2 min read
19 Jul

  During my active addiction my trauma was swept under the rug through my drinking. I looked at it every day unable to process it. By the end it looked like someone put a rug over a bear and thought nothing of it. The truth is it was always there, and became increasingly more obvious every time I drank. Like many I chose to remain oblivious to what was going on in my head, because I could numb my brain down. That is quite possibly the worst thing I could have done for myself, but I didn’t know any other coping mechanisms. The day I got sober was the day my memories, trauma, pain and past came flooding back. At first it was overwhelming, after all opening the flood gates after a storm is always going to come with a surge.  My saving grace has been the motto one day at a time, and that keeps me rooted in the present. I can't always process everything, heal or work on things, but I can let my emotions be experienced. I can feel what I numbed before, and just allowing them to be felt means I'm growing as a person. 

Day by day I let my emotions play out how they should, and I try not to hold on to any of them longer than necessary. I feel in my anger, let it do its job to protect me and learn from it, then I try to let it be on its way. I have GAD, generalized anxiety disorder, and often times find myself overthinking everything, but I'm learning to question my anxiety now and the narrative that it tries to create in my mind. The other day I found myself in a moment of triggered trauma, unconsciously my anxiety starting putting together the past feelings into a parallel situation in the present. Someone's actions mirrored the actions of someone in my past and it revealed another layer or resentment that was still there. I caught myself in this process having become aware of what I was feeling and brought myself down from what could have been a negative turn of events. I had to remind myself they are not the person who hurt me, they don’t know that this is a trauma of yours, and it's not their intention to do these things.  I ended up having a good lunch with them because I was able to feel those emotions as they happened. I questioned the lies they wanted to tell me and I knew my truth was much bigger than those lies. My higher power told me so, and reminds me I am worthy. In that moment I could have acted out of pain and lashed out, but I didn’t. I am grateful for these moments of growth that God allows me, and I am grateful that I can question the narrative that my anxiety and trauma want to build.

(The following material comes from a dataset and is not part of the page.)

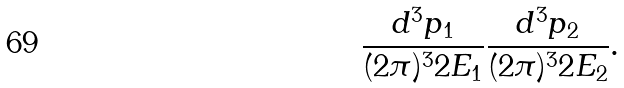<formula> <loc_0><loc_0><loc_500><loc_500>\frac { d ^ { 3 } p _ { 1 } } { ( 2 \pi ) ^ { 3 } 2 E _ { 1 } } \frac { d ^ { 3 } p _ { 2 } } { ( 2 \pi ) ^ { 3 } 2 E _ { 2 } } .</formula>

     We have become so conditioned to our way of thinking and dealing with things that we often find ourselves blindsided when these moments occur. In my addiction anything and everything could set me off and I wouldn’t be able to stop myself. Instead of having an honest conversation with myself, I chose to hurt others and walk away from relationships. Now I let them emotions float around in my head and try to make sense of the truth of them. Why am I feeling this? Am I giving myself and the other person enough grace and mercy to have a conversation if I am upset? Is this how I really feel or is this my trauma reacting to a person, place or thing?  

     My truth in this is that often times I did simply react rather than pause and think. God, my higher power, has been teaching me the importance of the pause lately these past few months. Question the narrative, feel the emotions, and then act. We can do better when we take time to understand the subconscious reactions we have to certain things in life. We can find ourselves growing in these moments when we pause rather than react. So, I pray that we find the clarity, and understanding to question the narrative. I pray that we can chose to pause in a moment of pain and find our truths rather than react to the lies.  I pray that you give yourself enough space, grace and mercy when you find yourselves in those overwhelming parts of life. To have an honest conversation with yourself and to choose to grow in these moments.  All it takes is one small step, one day at a time, and showing up in your own life every day. Choose love, growth, and faith as your keys to freedom and not anxiety, fear and pain that keep you shackled.